Senin, 28 Februari 2011

Pendidikan Tinggi Kurangi Risiko Serangan Jantung

Your browser does not support iframes.



foto: ThinkstockProvidence, Rodhe Island, Jika ingin punya umur panjang, jangan ragu-ragu untuk melanjutkan pendidikan sampai ke jenjang master atau doktoral. Pendidikan yang tinggi bisa menurunkan tekanan darah rata-rata, sehingga tidak mudah terkena stroke dan serangan jantung.

Tekanan darah tinggi atau hipertensi merupakan salah satu faktor risiko stroke dan serangan jantung. Menurut Blood Pressure Association, penderita hipertensi punya risiko 2 kali lipat lebih besar untuk mati muda akibat kegagalan fungsi jantung dan pembuluh darah.

Selain dipengaruhi diet dan gaya hidup, risiko hipertensi juga berhubungan dengan jenjang pendidikan seseorang.

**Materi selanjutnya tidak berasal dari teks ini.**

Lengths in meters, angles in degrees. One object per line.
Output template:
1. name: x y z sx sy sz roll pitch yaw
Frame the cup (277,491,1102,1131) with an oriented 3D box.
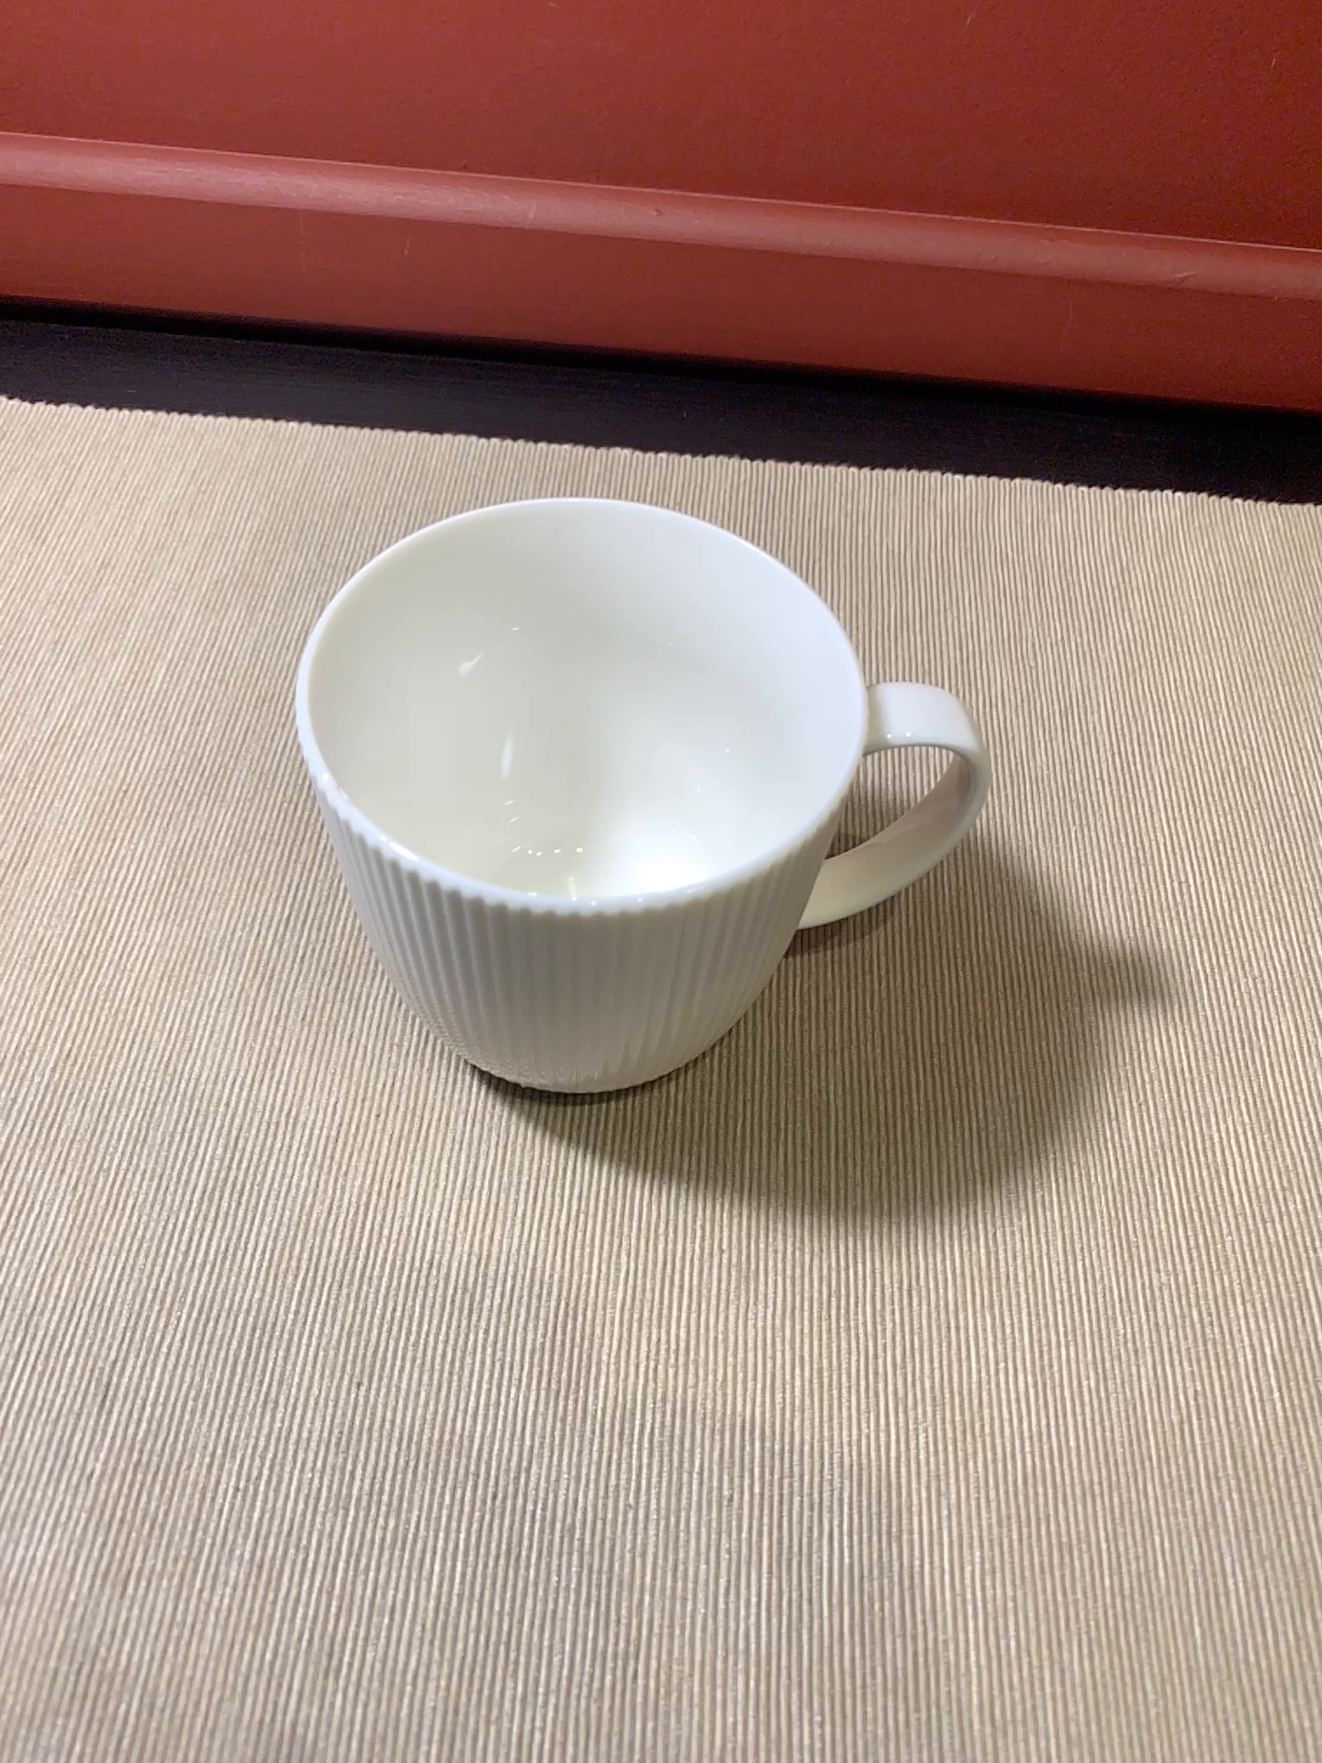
1. cup: 0.001 -0.013 0.232 0.110 0.060 0.090 0 52 -4

Sebuah penelitian terbaru membuktikan bahwa lulusan S1, S2 maupun S3 punya risiko lebih rendah dibanding jebolan SMA untuk mengalami hipertensi.

Penelitian yang dilakukan para ahli dari Brown University di Rodhe Island ini melibatkan 4.000 pria dan wanita dengan berbagai latar belakang akademis. Jejang pendidikan dan kehidupan sehari-hari para relawan diamati secara berkelanjutan selama 30 tahun.

Hasil pengamatan menunjukkan, lulusan perguruan tinggi memiliki tekanan darah rata-rata 2,26 mmHg lebih rendah dibandingkan relawan yang tidak tamat SMA. Meski terjadi juga pada relawan pria, perbedaan ini teramati lebih mencolok pada relawan wanita.

Para peneliti menduga, tekanan darah yang lebih rendah pada lulusan perguruan tinggi dipengaruhi oleh beberapa faktor. Di antaranya, para sarjana punya kesempatan mendapat pekerjaan enak dengan tingkat stres yang lebih rendah dibandingkan yang tidak tamat SMA.

Jenjang pendidikan yang tinggi juga menghindarkan para sarjana dari risiko stres akibat pernikahan dini. Menurut penelitian tersebut, jebolan SMA terutama wanita cenderung menikah dan mempunyai anak pada usia yang lebih muda dibandingkan para sarjana.

"Wanita dengan pendidikan rendah lebih berisiko mengalami depresi, bercerai dan menjadi orangtua tunggal kemudian hidup di bawah garis kemiskinan," ungkap salah satu peneliti, Dr Eric Loucks seperti dikutip dari Dailymail, Selasa (1/3/2011).